Capitol recap: million-dollar fix for (multi)billion-dollar pension problem?

     The state Senate Appropriation Committee focused on accountability for businesses that get tax breaks, and stabilizing municipal finance, during its budget hearing with the Department of Community & Economic Development.

    The state Senate Appropriation Committee focused on accountability for businesses that get tax breaks, and stabilizing municipal finance, during its budget hearing with the Department of Community & Economic Development.

    Pennsylvania officials have dedicated lots of lip service to the problem of underfunded pensions, but not much time, money or brainpower to fixing it – at least, not specifically.

    Pennsylvania’s multibillion-dollar pensions obligation has been spurring hand-wringing and bickering at the Capitol and city halls across the Commonwealth for years.

    Its two statewide retirement systems for teachers and state workers are the second-worst funded in the country. 

    And that doesn’t even get into the nearly $8 billion collective liability faced at the local level in Pennsylvania, home to no less than one quarter of the nation’s municipal pension funds – more than half of which are tracked at the state level using a paper-based reporting system.

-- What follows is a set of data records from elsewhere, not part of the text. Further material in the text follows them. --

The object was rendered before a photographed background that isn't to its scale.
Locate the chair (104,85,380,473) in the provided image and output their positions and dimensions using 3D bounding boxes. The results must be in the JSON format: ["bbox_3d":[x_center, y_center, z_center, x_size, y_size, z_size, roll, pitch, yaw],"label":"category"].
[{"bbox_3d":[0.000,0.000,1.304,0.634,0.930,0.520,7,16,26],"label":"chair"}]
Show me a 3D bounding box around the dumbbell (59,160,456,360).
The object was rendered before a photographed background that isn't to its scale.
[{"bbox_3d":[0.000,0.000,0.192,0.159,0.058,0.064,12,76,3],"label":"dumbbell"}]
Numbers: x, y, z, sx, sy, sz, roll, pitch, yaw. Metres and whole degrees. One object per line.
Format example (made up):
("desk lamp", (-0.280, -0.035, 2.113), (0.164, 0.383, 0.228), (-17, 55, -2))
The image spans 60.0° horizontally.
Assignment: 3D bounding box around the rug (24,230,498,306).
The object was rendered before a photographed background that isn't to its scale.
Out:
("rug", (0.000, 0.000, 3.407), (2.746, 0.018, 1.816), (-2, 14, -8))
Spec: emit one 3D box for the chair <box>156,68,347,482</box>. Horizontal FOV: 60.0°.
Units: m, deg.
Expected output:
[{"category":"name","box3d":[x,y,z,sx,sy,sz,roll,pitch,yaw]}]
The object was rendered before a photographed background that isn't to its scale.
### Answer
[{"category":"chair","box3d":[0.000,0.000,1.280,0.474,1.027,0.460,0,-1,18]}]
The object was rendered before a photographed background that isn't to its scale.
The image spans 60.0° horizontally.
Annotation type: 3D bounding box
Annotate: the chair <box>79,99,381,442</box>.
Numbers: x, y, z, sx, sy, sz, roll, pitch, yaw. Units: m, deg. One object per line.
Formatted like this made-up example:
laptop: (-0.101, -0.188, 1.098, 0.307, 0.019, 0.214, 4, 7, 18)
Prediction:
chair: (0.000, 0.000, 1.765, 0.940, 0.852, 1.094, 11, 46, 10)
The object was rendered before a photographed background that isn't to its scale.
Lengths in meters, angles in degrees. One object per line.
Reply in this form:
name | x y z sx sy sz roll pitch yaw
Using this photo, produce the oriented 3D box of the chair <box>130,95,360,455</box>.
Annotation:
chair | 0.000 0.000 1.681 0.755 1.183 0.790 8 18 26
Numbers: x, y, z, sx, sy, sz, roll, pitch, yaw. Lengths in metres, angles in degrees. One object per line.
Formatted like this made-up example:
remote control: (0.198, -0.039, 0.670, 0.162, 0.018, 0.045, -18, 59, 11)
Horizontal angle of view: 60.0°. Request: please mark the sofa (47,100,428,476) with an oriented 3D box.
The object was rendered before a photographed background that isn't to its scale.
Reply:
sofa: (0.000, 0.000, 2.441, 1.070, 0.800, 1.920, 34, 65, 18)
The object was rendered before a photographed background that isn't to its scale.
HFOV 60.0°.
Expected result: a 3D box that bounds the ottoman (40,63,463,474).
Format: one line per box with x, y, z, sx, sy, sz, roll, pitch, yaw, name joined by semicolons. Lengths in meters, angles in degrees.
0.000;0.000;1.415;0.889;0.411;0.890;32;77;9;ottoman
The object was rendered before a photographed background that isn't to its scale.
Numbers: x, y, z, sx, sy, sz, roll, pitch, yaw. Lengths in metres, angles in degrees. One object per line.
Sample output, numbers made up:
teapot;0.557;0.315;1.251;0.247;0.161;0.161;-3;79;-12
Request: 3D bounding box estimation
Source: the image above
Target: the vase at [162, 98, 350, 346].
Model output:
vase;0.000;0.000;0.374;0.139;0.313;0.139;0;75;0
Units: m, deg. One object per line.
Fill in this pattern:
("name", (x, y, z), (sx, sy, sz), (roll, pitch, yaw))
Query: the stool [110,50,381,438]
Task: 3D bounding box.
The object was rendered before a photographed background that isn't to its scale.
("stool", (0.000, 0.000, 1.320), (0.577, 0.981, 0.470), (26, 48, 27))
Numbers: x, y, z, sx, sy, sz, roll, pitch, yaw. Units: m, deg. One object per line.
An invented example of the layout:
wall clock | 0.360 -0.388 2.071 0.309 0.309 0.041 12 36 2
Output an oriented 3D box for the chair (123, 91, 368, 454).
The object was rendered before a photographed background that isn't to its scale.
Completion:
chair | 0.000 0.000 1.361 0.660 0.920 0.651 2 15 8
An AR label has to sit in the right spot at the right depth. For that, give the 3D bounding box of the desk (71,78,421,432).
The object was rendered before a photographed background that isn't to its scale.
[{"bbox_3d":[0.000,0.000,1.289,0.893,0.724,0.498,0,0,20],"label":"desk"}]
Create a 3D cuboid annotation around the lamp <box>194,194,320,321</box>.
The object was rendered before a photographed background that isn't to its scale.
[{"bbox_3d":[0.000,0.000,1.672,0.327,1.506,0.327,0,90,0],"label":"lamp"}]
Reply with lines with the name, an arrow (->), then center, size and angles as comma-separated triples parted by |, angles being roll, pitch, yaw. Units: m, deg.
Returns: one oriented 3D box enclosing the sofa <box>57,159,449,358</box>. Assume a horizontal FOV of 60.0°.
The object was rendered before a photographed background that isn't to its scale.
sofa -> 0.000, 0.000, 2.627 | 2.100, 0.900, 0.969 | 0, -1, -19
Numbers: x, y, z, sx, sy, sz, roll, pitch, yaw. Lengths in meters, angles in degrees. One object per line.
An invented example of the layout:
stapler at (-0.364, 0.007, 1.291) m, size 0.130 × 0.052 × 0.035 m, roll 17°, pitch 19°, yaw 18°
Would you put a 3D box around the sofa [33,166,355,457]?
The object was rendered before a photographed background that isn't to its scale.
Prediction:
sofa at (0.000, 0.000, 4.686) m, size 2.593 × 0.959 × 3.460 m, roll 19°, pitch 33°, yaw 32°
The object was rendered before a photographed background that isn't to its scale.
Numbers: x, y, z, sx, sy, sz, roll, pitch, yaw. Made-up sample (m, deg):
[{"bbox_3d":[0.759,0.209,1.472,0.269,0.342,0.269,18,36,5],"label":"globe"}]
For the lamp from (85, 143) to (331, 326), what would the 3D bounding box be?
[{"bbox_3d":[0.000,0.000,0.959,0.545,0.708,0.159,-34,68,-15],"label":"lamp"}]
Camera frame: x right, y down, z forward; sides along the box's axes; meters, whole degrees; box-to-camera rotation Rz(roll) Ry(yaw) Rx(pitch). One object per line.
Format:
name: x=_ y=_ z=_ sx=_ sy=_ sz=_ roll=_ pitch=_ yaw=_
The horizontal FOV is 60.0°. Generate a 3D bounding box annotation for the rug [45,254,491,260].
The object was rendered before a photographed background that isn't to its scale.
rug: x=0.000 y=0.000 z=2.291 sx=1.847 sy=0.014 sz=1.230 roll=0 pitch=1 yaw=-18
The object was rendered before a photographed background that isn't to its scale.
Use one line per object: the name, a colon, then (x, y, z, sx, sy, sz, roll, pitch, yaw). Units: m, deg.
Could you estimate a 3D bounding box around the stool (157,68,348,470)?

    Despite all this, state legislators haven’t studied the issue closely, at least not formally.

    State Sen. Judith Schwank, D-Berks, introduced a bill this week proposing a 25-person Public Pensions Review Commission to study the Commonwealth’s retirement systems for judges, police, firefighters, public school teachers and other state and municipal officials and employees.

    According to legislative staffers, this would be a first.

    “This issue will affect tens of millions of Pennsylvanians and their economic opportunities deep into this century, very possibly much longer. They deserve that we jointly search for the best policy solution, not tolerate its resolution as a contest of political strength,” Schwank wrote into her bill memo.

    Senate Bill 604 would give the commission six months, $1 million – a “ballpark” figure, Schwank’s aides say – and the Joint Legislative Committe’s researchers to come up with specific recommendations to create a “stable” structure for state and local pensions.

    The Senate Finance Committee has the bill, but no meeting dates scheduled.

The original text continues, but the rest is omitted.